═══ AVAILABLE DATA ═══
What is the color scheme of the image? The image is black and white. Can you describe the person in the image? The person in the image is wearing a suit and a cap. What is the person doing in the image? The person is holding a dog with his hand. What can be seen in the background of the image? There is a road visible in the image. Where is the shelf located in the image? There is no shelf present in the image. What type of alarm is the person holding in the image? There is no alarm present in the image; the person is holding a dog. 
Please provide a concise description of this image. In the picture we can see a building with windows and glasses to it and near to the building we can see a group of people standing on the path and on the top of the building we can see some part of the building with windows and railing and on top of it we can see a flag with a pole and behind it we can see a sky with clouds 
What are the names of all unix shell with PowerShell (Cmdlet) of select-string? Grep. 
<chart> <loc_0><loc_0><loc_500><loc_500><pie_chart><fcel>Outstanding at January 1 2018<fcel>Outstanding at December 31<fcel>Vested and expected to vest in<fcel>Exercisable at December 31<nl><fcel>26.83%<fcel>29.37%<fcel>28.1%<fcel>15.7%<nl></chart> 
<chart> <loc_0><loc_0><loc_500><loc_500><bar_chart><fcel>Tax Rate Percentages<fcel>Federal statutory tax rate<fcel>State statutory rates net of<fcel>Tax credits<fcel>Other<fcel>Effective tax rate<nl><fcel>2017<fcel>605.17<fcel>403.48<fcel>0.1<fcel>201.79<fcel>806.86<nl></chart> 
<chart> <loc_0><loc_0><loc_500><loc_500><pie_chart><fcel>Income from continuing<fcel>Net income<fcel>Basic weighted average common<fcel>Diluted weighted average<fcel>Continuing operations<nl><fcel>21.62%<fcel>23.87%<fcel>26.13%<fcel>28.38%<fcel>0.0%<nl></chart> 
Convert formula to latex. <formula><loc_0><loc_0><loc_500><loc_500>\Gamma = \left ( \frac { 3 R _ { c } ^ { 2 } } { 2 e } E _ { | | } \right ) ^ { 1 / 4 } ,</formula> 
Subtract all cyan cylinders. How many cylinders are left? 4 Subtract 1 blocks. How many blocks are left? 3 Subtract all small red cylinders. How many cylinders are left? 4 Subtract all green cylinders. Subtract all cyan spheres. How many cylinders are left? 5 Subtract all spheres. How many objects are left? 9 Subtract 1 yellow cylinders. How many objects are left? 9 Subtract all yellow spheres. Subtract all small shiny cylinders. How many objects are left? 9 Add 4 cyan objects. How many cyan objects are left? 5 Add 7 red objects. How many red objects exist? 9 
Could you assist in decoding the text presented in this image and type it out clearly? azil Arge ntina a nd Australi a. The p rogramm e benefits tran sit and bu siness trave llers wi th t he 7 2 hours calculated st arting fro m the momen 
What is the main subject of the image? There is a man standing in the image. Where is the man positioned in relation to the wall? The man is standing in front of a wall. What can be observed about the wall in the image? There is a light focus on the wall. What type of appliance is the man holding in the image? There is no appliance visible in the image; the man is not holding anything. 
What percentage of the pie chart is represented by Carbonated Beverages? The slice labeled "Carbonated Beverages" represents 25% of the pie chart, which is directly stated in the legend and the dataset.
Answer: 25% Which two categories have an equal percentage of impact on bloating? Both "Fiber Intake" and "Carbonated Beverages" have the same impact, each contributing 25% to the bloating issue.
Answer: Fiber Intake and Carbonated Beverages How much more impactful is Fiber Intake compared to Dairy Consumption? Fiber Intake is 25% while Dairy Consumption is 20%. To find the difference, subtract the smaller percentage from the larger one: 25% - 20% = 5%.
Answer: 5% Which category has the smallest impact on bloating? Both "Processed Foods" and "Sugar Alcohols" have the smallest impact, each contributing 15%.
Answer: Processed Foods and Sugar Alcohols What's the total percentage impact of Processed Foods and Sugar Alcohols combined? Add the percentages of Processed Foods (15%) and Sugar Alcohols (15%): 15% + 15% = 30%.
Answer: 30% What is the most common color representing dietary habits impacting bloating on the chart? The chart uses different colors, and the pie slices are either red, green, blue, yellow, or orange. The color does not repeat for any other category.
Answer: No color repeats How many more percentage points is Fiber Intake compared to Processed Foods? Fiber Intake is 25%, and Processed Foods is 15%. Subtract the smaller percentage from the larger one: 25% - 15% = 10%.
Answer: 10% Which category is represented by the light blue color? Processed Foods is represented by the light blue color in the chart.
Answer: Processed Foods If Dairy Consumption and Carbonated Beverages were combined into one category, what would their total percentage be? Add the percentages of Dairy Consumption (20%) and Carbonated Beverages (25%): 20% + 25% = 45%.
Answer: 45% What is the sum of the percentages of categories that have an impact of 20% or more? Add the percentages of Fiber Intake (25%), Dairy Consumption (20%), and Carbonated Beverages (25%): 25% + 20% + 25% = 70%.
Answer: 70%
═══
- **WHAT YOU ARE ASKED TO DO**: Above are the entries. Copy exactly the part that opens with the line containing "from continuing<fcel>Net income<fcel>Basic" and closes with the line containing "Convert formula to", and no more.

- **SOLUTION TO THIS EXERCISE**:
<chart> <loc_0><loc_0><loc_500><loc_500><pie_chart><fcel>Income from continuing<fcel>Net income<fcel>Basic weighted average common<fcel>Diluted weighted average<fcel>Continuing operations<nl><fcel>21.62%<fcel>23.87%<fcel>26.13%<fcel>28.38%<fcel>0.0%<nl></chart> 
Convert formula to latex. <formula><loc_0><loc_0><loc_500><loc_500>\Gamma = \left ( \frac { 3 R _ { c } ^ { 2 } } { 2 e } E _ { | | } \right ) ^ { 1 / 4 } ,</formula> 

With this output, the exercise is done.